Cumhurbaşkanını görevi bırakmaya mecbur eden süreci bir önceki yazıda detaylı ele almış; çok daha büyük skandallara imza atmalarına rağmen bizde hiçbir şey olmamış gibi davranan yetkili ve siyasilere bu hadisenin ders olması gerektiğini ifade etmiştik. Wulff\'un suçlu olup olmadığına soruşturmalar sonucu Alman yargısı ve kamuoyu karar verecek olsa da bu durum ahlaki duyarlılığın önemini azaltmıyor.
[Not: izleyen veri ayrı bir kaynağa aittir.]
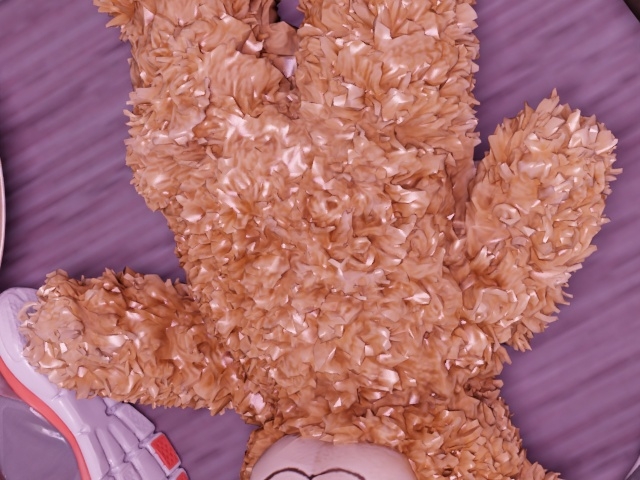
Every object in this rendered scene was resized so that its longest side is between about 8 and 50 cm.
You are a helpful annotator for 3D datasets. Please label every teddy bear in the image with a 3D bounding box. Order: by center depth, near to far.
[{"bbox_3d":[0.000,0.000,0.750,0.245,0.113,0.338,8,94,3],"label":"teddy bear"}]

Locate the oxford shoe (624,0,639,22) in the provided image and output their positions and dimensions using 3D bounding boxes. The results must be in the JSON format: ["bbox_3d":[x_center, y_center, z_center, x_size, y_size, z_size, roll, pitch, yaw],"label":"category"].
[{"bbox_3d":[0.110,-0.240,0.717,0.130,0.123,0.348,-28,89,2],"label":"oxford shoe"}]

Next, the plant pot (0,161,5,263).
[{"bbox_3d":[-0.246,-0.012,0.816,0.236,0.032,0.236,0,91,9],"label":"plant pot"}]

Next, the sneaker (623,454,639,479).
[{"bbox_3d":[0.155,0.064,0.777,0.044,0.040,0.109,38,97,21],"label":"sneaker"}]

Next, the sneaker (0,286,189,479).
[{"bbox_3d":[-0.109,0.098,0.821,0.065,0.061,0.158,-32,84,31],"label":"sneaker"}]

Ancak genel olarak Almanya\'da yaşayan Müslümanların ve özelde de Türklerin, Cumhurbaşkanı Wulff\'un ayrılmasından üzüldüğünü görmek dikkat çekici. Aşağı Saksonya eyaleti başbakanı iken Türk kökenli bir ismi ilk kez bakan yapmasının bunda payı olduğu kadar Türkiye ile geliştirdiği sıcak diyaloğun ve Almanya\'daki Müslümanları kucaklayan tutumunun da bunda etkili olduğu açık. 3 Ekim 2010 tarihinde Almanya\'nın Birleşme Bayramı\'nda söylediği \"İslam Almanya\'ya aittir\" sözü hâlâ hafızalarda. Başta Springer Grubu olmak üzere Alman medyasının aleyhine yürüttüğü sert kampanya ile dile getirdiği bu sözler arasında bağ kuranlar olduğu gibi, Alman istihbaratının da rol oynadığı Türklere yönelik terör olaylarına Wulff\'un gösterdiği ilgiye dikkat çekenler de var.
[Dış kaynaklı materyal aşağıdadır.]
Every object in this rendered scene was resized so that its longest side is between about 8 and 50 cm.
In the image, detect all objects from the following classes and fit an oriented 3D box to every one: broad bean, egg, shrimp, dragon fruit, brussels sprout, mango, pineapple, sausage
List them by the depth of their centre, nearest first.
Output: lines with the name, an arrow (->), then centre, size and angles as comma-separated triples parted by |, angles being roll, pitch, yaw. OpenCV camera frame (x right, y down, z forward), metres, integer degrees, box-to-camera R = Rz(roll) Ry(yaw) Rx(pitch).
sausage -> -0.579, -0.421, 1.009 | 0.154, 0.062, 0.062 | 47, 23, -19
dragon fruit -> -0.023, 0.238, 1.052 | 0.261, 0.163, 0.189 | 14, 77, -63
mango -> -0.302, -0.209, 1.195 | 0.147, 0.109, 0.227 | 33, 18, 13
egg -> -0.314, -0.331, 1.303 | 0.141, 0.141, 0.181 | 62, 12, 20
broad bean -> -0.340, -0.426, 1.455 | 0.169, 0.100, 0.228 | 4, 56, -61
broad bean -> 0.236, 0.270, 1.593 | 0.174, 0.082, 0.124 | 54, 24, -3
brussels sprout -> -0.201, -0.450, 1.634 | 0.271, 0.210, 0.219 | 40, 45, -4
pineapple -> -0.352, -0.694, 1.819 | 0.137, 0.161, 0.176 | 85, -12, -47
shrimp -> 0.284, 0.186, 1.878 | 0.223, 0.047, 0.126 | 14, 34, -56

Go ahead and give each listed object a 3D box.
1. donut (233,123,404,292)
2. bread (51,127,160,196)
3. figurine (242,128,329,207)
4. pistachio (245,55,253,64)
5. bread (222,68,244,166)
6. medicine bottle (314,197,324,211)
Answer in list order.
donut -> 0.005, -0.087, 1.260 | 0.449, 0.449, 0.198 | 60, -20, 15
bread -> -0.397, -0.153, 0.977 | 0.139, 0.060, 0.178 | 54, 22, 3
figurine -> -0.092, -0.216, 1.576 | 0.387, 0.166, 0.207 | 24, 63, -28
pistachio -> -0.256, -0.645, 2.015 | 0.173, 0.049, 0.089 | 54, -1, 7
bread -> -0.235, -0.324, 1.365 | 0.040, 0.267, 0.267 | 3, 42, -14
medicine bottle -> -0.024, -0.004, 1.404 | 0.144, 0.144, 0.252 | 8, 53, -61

Diyanet İşleri Türk İslam Birliği Genel Başkanı Prof. Dr. Ali Dere, eyalet başbakanlığında ve cumhurbaşkanılığında yerlisiyle, göçmeniyle Alman toplumunun bütünlük oluşturması için çaba sarf ettiğini söylüyor ve soruyor: \"Eğer İslam\'la ilgili açıklaması ve Neonazi terörüne karşı duruşu bazı mekanizmaları harekete geçirdi ise bu sadece Wulff için değil, Almanya için de bir problem. Böyle olduğuna inanmak istemiyorum.\"
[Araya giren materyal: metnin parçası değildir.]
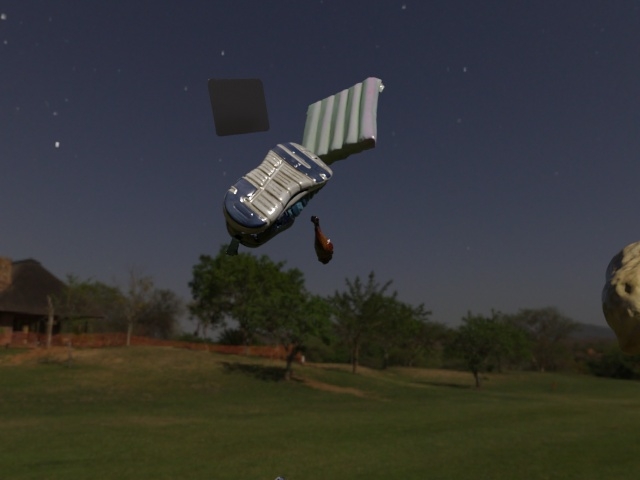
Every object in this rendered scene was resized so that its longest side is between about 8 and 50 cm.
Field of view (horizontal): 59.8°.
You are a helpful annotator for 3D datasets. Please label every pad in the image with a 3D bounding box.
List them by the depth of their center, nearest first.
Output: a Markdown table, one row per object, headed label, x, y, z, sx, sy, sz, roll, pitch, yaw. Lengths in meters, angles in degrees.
| label | x | y | z | sx | sy | sz | roll | pitch | yaw |
| --- | --- | --- | --- | --- | --- | --- | --- | --- | --- |
| pad | -0.164 | -0.274 | 1.138 | 0.003 | 0.112 | 0.157 | 0 | 13 | 38 |

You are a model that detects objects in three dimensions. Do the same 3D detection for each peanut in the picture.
| label | x | y | z | sx | sy | sz | roll | pitch | yaw |
| --- | --- | --- | --- | --- | --- | --- | --- | --- | --- |
| peanut | 0.334 | 0.053 | 0.570 | 0.099 | 0.100 | 0.214 | -8 | 9 | 38 |

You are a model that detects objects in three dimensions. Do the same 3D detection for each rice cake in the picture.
| label | x | y | z | sx | sy | sz | roll | pitch | yaw |
| --- | --- | --- | --- | --- | --- | --- | --- | --- | --- |
| rice cake | 0.038 | -0.229 | 1.086 | 0.189 | 0.198 | 0.037 | -15 | -45 | 34 |

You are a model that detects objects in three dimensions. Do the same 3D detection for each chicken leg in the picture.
| label | x | y | z | sx | sy | sz | roll | pitch | yaw |
| --- | --- | --- | --- | --- | --- | --- | --- | --- | --- |
| chicken leg | 0.002 | 0.004 | 1.213 | 0.037 | 0.062 | 0.145 | -22 | -30 | -8 |

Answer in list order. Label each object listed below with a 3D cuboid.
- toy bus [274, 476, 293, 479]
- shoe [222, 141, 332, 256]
| label | x | y | z | sx | sy | sz | roll | pitch | yaw |
| --- | --- | --- | --- | --- | --- | --- | --- | --- | --- |
| toy bus | -0.030 | 0.754 | 1.379 | 0.179 | 0.143 | 0.305 | 23 | 17 | -39 |
| shoe | -0.064 | -0.062 | 0.798 | 0.091 | 0.207 | 0.106 | 38 | -37 | 10 |

Wulff\'un istifasına üzülen Almanya İslam Konseyi Başkanı Ali Kızılkaya da şöyle diyor: \"Almanya\'da ilk defa, cesur bir çıkış yaparak Almanya\'daki Müslümanların da, İslam\'ın da Almanya\'ya dahil, Almanya\'nın bir parçası olduğunu açık bir şekilde devletin zirvesi olarak açıklaması, Almanya\'daki Müslümanlara adeta 50. yıl hediyesi gibi gelmişti. Bu açıklamalar gelecek ve ümit açısından güven vermeye başlamıştı. Böyle bir siyasi açılımın sahibinin gitmesi üzücü.\"

Wulff\'un görevden ayrılmasının, onun kritik konulardaki duruşuyla bağlantısı daha çok konuşulacağa benziyor ama Türkiye kamuoyu açısından daha önemli olan, Alman istihbaratıyla bağlantılı Nazi cinayetleriyle ilgili süreci ne kadar takip ettiğimiz. Dış politikayı takip ettiğine inandığım birkaç gazeteciye cinayetlerde gelinen noktayı sorduğumda verilen cevaplar üzücüydü. 3 aylık bir hadise hemen unutulmaya başlamış.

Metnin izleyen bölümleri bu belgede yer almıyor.